ACTION ITEM: No pictures belong in the copy. Reproduce exactly the lines beginning at the line containing "id: node.field_le_akteur_email" and continuing to the end of the entries below.

Dataset items:
|---|
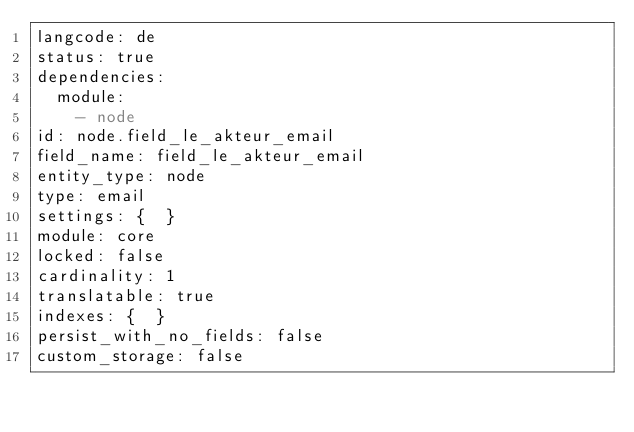<code> <loc_0><loc_0><loc_500><loc_500><_YAML_>langcode: de
status: true
dependencies:
  module:
    - node
id: node.field_le_akteur_email
field_name: field_le_akteur_email
entity_type: node
type: email
settings: {  }
module: core
locked: false
cardinality: 1
translatable: true
indexes: {  }
persist_with_no_fields: false
custom_storage: false
</code> 
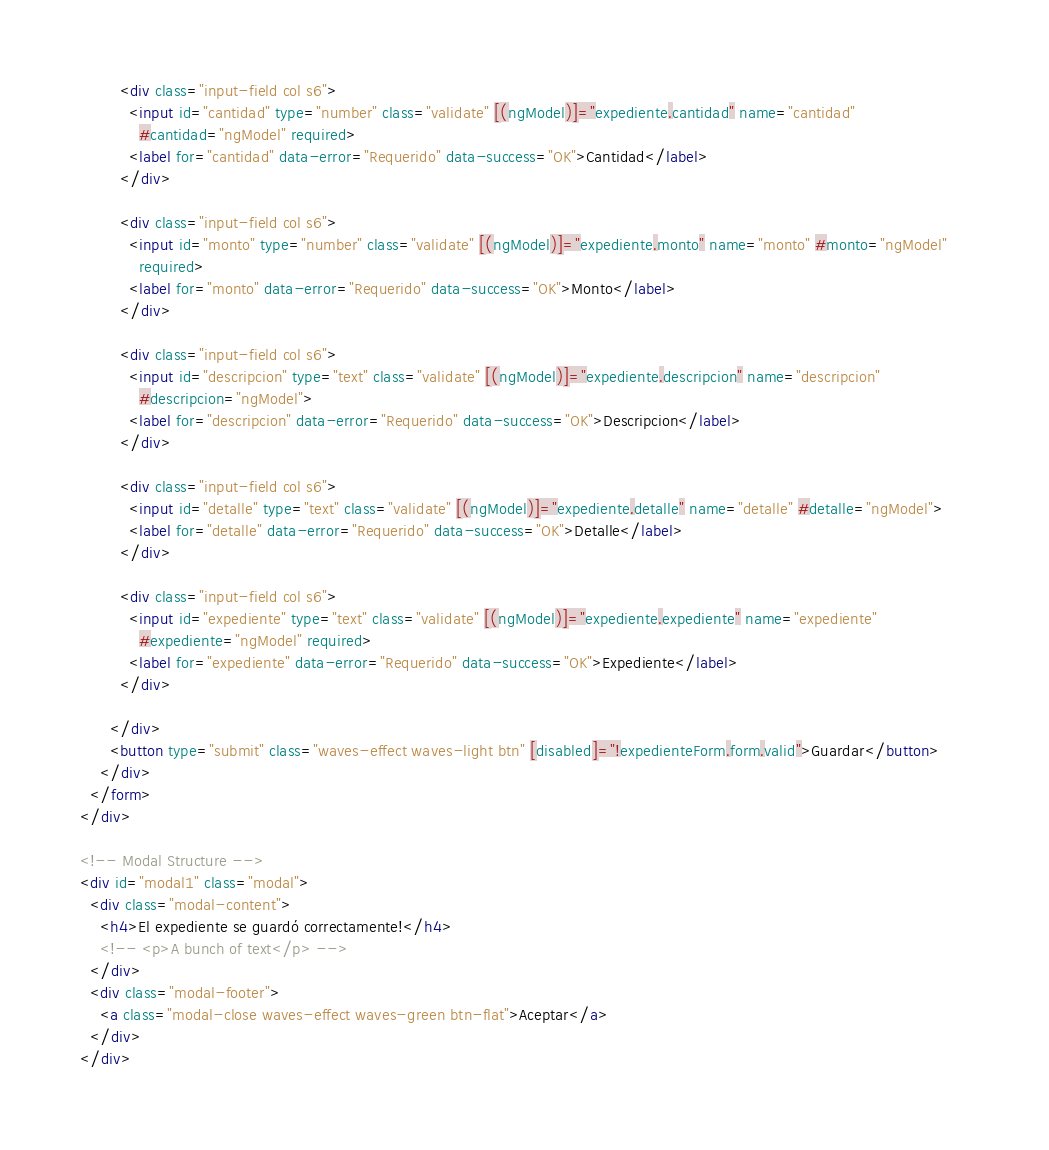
|---|
EXERCISE RESPONSE:
id: node.field_le_akteur_email
field_name: field_le_akteur_email
entity_type: node
type: email
settings: {  }
module: core
locked: false
cardinality: 1
translatable: true
indexes: {  }
persist_with_no_fields: false
custom_storage: false
</code> 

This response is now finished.